[PROBLEM REQUIREMENTS]: Output each entry below as it stands, leaving out every picture.
::::
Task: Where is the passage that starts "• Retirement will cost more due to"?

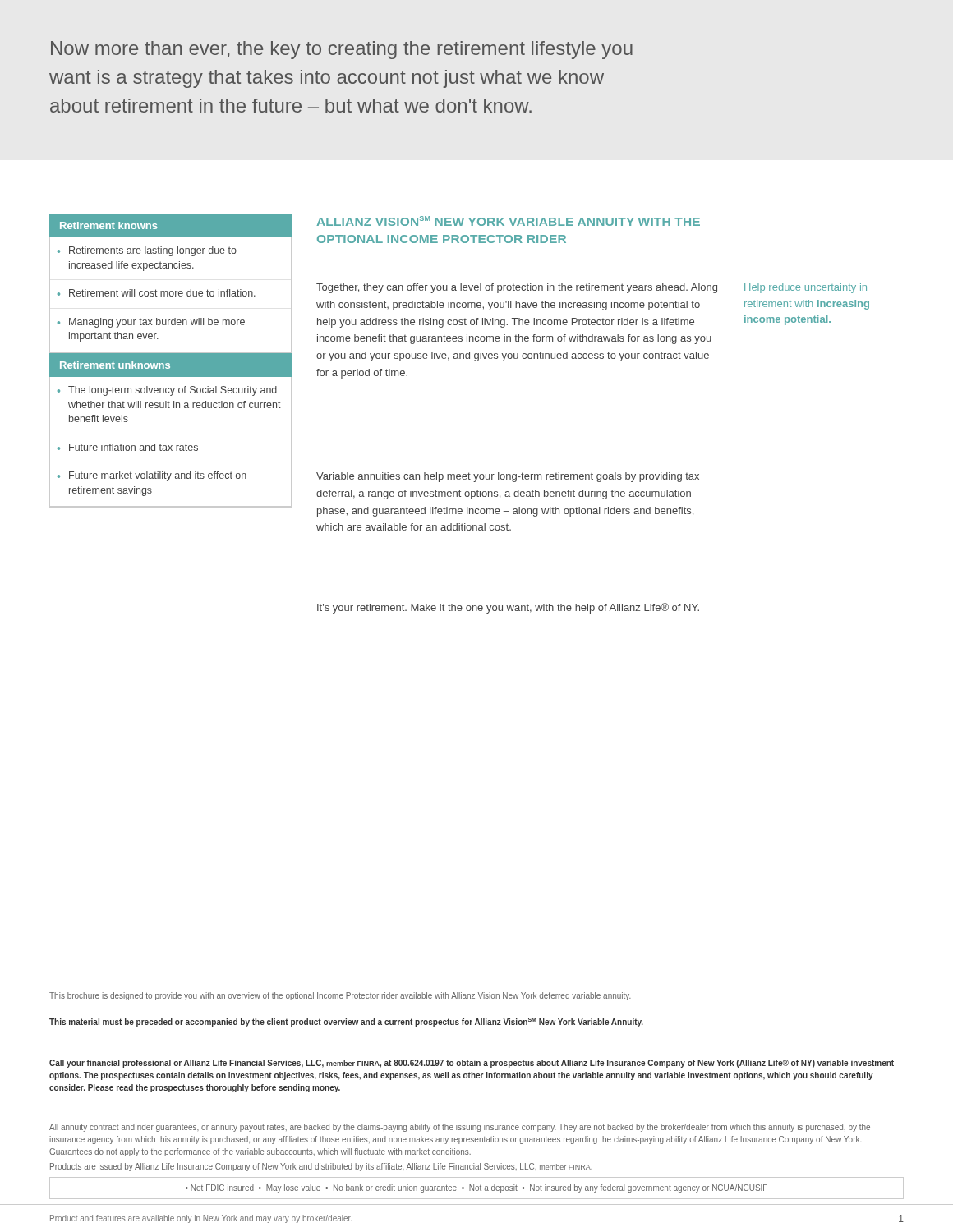Action: [156, 295]
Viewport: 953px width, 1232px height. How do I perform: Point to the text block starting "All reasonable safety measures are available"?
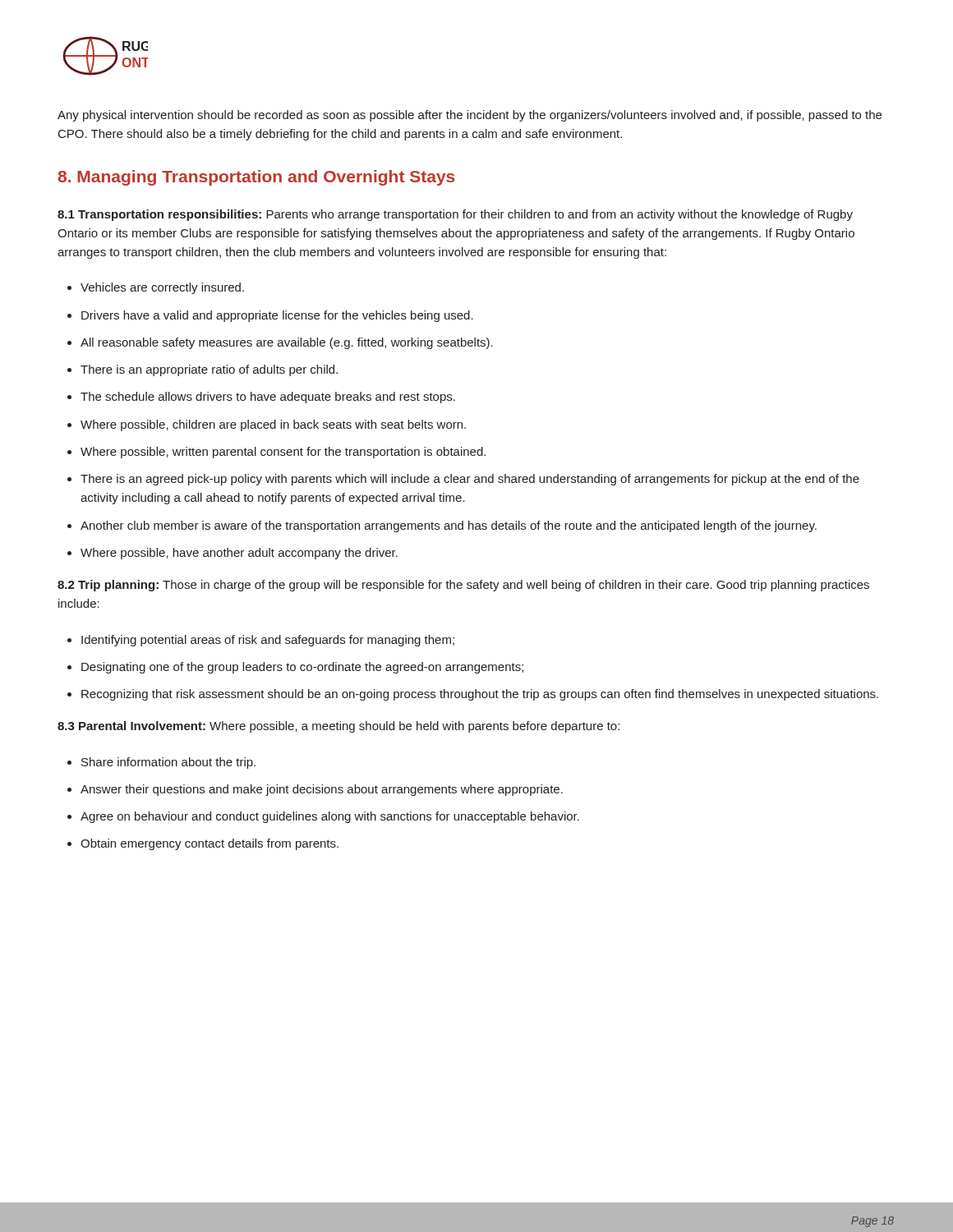(x=476, y=342)
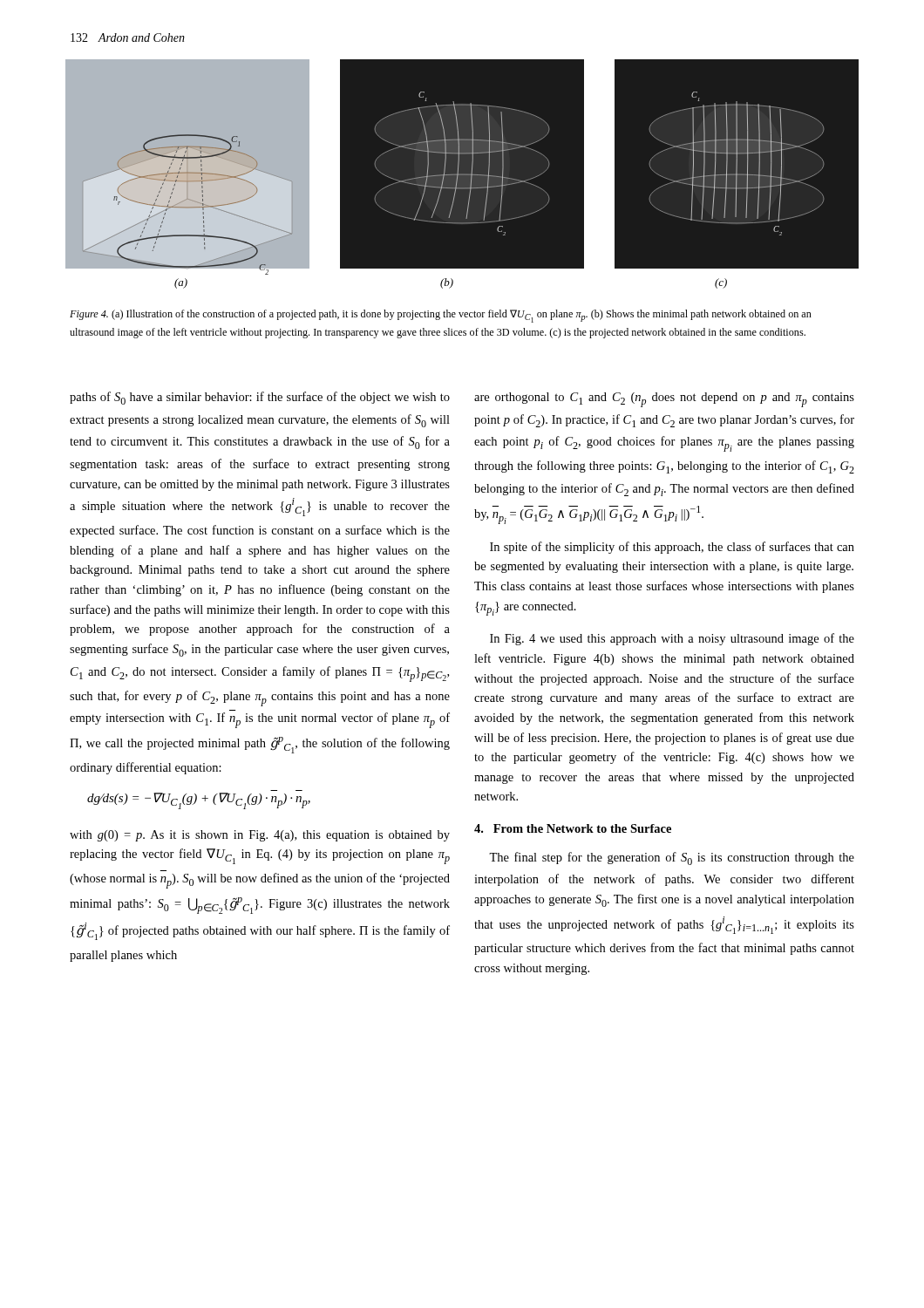
Task: Where is the passage that starts "are orthogonal to C1 and C2"?
Action: point(664,458)
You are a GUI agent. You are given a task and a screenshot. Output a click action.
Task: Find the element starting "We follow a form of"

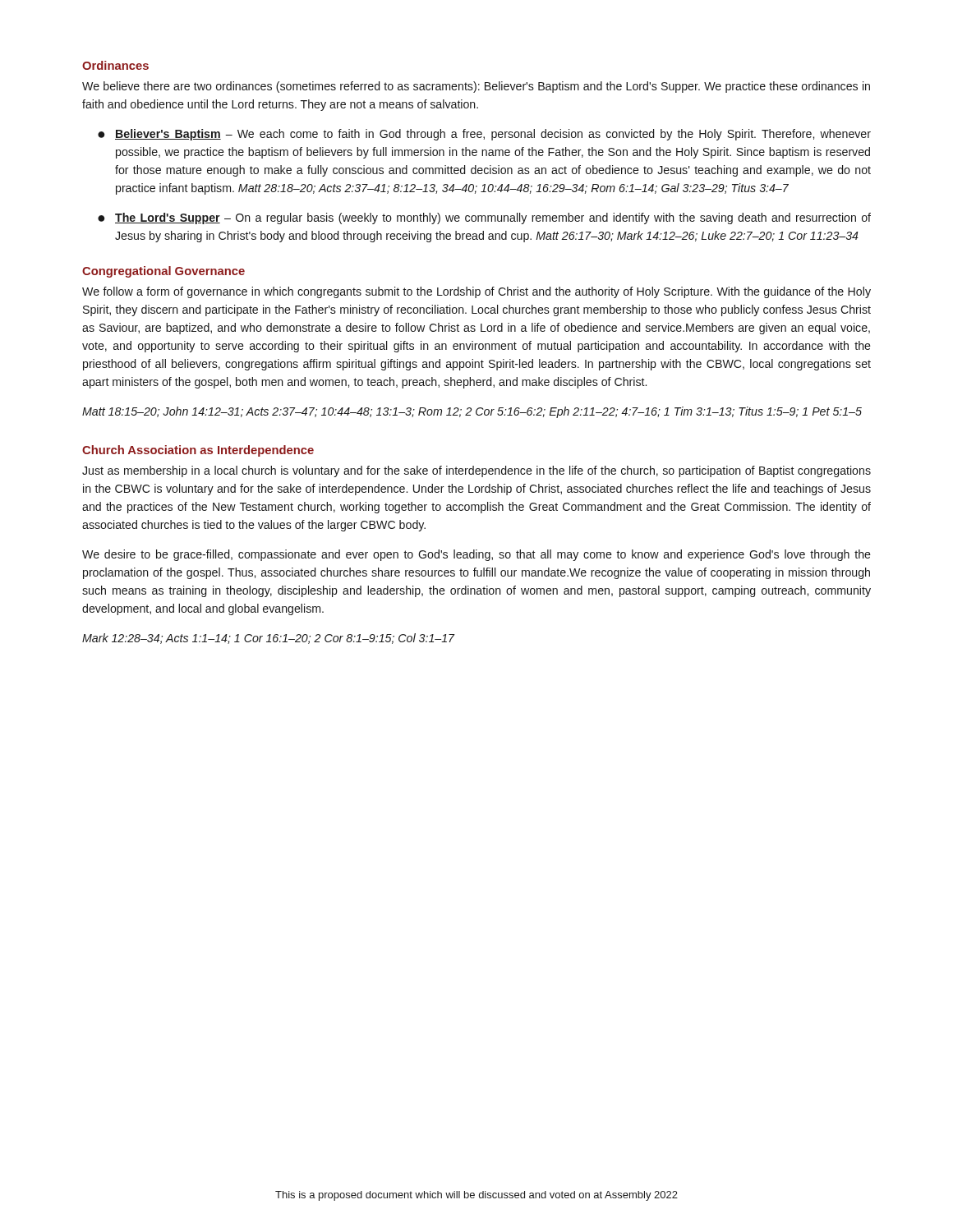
::::
[ANSWER TO THIS TASK]:
Task: Where is the passage that starts "• Retirement will cost more due to"?

Action: [156, 295]
Viewport: 953px width, 1232px height. How do I perform: Point to the text block starting "All reasonable safety measures are available"?
(x=476, y=342)
Task: Where is the passage that starts "are orthogonal to C1 and C2"?
Action: point(664,458)
You are a GUI agent. You are given a task and a screenshot. Output a click action.
Task: Find the element starting "We follow a form of"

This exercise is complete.